══ Extracted records ══

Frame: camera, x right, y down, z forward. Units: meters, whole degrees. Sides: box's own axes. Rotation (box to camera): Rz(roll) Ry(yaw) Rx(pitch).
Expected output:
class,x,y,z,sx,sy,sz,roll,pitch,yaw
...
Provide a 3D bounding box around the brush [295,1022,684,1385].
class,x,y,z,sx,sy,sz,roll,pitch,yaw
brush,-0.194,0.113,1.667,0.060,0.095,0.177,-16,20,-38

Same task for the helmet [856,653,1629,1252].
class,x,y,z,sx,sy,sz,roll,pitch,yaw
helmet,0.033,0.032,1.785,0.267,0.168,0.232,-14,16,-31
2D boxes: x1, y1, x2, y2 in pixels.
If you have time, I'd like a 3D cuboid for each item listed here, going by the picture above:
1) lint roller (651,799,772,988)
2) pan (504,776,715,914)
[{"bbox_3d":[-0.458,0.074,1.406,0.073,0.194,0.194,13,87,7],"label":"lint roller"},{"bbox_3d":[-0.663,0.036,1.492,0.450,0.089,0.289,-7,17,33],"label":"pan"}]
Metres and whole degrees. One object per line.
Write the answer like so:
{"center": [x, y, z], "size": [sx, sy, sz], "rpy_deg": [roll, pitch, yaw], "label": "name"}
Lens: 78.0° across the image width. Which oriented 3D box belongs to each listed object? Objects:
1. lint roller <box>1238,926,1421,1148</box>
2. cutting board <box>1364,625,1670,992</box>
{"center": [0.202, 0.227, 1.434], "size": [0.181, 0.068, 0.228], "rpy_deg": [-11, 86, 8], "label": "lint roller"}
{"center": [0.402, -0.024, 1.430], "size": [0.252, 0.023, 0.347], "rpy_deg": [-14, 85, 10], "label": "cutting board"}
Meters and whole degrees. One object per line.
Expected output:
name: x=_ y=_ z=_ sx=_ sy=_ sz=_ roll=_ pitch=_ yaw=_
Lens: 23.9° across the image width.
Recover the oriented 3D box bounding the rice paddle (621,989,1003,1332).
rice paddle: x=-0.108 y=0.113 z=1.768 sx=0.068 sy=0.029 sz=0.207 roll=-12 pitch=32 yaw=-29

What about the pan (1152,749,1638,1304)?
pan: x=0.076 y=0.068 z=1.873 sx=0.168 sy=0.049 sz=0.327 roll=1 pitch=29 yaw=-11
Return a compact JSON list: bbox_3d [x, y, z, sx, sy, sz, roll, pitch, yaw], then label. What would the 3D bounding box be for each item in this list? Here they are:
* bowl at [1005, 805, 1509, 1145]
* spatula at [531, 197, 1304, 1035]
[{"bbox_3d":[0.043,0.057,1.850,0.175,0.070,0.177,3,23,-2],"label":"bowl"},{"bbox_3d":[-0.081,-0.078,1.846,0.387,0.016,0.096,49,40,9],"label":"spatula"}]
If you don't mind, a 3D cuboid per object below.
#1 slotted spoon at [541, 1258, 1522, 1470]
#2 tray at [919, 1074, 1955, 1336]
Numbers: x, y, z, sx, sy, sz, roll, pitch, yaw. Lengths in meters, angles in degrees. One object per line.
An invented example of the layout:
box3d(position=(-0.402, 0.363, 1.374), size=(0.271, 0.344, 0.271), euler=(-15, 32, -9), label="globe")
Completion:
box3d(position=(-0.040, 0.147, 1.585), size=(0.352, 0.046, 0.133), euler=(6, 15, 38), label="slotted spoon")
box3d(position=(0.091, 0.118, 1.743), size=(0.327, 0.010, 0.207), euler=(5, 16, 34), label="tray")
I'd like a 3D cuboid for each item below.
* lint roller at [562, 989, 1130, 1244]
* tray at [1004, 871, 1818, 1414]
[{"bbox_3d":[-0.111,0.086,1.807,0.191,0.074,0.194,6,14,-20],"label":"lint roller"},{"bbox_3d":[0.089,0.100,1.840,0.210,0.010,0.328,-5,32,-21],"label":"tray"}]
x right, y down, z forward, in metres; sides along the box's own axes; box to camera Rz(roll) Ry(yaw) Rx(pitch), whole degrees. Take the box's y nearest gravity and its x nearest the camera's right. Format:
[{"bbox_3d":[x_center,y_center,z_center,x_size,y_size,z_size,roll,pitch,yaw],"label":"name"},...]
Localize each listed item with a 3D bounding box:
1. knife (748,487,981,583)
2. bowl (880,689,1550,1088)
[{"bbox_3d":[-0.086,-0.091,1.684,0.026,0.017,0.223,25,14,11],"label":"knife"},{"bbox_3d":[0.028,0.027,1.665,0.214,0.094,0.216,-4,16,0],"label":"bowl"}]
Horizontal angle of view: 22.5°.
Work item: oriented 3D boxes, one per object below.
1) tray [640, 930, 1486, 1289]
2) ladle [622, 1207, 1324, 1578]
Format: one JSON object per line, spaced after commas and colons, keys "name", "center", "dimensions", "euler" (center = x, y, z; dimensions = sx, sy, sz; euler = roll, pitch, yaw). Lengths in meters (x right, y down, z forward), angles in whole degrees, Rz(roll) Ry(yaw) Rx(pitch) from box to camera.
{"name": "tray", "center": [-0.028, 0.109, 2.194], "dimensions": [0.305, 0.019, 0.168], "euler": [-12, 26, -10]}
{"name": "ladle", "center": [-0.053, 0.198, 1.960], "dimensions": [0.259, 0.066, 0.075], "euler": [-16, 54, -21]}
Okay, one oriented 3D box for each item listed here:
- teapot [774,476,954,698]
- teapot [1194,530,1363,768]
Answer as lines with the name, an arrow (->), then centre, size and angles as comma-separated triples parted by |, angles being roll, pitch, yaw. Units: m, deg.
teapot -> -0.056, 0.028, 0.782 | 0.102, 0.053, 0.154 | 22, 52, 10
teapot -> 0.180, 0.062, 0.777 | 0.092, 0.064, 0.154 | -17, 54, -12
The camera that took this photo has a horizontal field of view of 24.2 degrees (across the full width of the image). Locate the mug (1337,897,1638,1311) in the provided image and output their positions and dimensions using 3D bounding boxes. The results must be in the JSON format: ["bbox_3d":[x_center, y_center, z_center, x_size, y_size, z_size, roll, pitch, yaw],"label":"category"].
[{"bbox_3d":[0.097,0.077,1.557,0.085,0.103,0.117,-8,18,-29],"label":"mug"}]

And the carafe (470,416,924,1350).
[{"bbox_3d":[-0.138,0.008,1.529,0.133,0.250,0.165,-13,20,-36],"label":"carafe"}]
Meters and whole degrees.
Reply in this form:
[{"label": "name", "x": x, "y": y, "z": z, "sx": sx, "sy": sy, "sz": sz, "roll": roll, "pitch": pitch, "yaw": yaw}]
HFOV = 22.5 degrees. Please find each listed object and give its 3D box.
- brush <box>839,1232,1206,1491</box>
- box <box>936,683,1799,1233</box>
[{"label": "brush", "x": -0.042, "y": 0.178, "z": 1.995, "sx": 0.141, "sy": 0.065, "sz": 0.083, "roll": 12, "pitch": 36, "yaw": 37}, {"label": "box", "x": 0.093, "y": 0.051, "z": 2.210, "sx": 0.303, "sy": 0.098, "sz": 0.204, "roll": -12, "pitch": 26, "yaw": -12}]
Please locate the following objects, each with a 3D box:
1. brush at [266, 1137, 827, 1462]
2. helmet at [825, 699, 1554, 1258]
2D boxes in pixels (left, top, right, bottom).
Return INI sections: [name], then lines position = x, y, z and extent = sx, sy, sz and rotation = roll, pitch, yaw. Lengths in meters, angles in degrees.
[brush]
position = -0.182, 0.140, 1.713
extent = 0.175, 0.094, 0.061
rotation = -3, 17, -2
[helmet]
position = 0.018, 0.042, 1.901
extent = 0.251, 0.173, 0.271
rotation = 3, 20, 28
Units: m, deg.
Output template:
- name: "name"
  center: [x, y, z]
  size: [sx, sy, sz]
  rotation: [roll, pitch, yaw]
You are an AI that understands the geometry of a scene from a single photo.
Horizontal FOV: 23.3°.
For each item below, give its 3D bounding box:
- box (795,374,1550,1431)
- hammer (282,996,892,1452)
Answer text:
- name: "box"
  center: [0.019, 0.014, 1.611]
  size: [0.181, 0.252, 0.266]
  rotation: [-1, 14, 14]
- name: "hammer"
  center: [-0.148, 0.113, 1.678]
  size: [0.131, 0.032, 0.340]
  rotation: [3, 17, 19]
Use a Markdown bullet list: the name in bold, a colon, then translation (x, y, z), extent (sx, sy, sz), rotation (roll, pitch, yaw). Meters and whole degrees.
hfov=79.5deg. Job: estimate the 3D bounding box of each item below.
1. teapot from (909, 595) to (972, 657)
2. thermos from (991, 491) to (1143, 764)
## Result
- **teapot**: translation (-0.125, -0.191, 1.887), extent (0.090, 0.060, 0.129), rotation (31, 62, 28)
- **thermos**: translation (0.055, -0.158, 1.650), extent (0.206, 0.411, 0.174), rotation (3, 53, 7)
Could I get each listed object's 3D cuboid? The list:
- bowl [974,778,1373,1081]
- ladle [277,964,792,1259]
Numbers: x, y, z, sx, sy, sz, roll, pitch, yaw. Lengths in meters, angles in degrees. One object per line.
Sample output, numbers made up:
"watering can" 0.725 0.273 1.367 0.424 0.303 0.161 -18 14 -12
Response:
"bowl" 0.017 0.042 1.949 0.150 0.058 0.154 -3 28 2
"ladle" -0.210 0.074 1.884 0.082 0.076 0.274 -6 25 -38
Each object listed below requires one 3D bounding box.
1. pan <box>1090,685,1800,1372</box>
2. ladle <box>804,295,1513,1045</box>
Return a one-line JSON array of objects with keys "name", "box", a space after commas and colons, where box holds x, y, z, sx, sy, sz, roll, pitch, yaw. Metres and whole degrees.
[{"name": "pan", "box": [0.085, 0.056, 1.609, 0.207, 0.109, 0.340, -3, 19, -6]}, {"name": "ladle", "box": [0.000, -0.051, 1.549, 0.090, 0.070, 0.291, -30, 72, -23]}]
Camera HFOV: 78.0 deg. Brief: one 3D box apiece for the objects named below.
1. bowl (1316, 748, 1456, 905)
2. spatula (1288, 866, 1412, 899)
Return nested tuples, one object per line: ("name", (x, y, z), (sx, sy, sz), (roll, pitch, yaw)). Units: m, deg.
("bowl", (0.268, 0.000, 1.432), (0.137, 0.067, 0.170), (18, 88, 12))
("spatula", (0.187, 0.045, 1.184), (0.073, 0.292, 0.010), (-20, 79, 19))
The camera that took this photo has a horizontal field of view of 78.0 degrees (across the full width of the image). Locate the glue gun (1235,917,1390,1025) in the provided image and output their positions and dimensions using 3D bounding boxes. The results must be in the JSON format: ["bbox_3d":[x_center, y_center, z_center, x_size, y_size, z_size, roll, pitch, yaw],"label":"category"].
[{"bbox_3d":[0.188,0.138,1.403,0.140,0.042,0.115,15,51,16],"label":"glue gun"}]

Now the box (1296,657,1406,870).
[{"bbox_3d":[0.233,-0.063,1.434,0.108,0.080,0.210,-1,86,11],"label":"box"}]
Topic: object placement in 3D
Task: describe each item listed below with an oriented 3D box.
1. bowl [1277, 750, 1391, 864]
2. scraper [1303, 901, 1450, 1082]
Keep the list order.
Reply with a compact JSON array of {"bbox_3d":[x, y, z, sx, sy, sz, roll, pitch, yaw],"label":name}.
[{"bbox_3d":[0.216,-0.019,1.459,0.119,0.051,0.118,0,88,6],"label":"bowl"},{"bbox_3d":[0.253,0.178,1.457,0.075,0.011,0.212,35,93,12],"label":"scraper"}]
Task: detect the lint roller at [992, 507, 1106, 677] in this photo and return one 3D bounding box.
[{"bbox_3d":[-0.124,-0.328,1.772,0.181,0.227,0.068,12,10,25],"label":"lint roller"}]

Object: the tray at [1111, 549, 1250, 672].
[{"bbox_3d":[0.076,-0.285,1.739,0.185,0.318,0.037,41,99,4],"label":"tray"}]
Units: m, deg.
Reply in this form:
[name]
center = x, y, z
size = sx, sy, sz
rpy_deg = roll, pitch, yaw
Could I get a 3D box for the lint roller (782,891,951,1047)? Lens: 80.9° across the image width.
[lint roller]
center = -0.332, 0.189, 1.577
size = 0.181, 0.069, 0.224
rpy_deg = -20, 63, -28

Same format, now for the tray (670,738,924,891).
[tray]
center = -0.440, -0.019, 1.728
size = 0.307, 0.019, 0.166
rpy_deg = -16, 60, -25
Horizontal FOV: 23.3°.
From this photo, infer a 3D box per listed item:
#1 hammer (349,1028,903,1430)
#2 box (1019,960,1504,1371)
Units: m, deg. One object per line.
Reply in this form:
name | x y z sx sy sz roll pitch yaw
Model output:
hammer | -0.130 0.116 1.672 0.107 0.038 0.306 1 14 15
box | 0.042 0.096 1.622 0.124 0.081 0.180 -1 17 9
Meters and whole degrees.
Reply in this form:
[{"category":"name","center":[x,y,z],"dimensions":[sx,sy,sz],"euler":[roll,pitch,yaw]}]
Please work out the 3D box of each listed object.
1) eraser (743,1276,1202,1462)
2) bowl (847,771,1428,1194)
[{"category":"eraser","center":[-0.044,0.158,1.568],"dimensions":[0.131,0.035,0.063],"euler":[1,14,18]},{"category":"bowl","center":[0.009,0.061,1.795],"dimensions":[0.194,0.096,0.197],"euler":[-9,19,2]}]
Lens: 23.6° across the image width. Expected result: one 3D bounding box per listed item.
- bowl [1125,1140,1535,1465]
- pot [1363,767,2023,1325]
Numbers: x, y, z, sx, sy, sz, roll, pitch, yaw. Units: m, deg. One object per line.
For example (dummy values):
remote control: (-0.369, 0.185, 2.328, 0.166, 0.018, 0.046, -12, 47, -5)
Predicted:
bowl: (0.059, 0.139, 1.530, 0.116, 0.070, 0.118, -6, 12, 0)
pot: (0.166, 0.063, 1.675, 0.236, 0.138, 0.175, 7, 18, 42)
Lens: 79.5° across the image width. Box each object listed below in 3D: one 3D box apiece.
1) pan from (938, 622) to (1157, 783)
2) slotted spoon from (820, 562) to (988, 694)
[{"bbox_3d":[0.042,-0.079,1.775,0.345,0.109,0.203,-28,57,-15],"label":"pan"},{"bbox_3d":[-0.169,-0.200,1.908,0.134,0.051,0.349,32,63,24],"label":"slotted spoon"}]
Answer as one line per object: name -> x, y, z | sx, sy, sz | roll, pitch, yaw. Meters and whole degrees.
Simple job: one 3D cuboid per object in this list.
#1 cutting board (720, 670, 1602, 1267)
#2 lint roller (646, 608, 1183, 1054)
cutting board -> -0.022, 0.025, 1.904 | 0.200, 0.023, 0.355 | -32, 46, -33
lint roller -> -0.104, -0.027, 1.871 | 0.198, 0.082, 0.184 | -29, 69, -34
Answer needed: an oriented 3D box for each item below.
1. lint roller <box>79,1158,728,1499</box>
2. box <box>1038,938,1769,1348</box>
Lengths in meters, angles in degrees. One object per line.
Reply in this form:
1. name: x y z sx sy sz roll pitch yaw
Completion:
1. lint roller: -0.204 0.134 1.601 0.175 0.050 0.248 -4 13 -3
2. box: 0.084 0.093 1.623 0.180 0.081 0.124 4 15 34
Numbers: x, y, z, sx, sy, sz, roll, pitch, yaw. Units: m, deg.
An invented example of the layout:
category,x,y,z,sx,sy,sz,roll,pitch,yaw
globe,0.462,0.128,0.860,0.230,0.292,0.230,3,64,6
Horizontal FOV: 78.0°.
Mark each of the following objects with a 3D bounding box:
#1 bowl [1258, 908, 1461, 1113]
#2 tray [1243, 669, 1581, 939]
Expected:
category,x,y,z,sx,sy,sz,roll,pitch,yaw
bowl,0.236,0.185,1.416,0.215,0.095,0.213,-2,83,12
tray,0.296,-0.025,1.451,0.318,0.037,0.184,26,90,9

═══

**Task requirements:**
Look through the entries above; find each line with the word "pixels" and copy it.

**Solution to this exercise:**
2D boxes: x1, y1, x2, y2 in pixels.
2D boxes in pixels (left, top, right, bottom).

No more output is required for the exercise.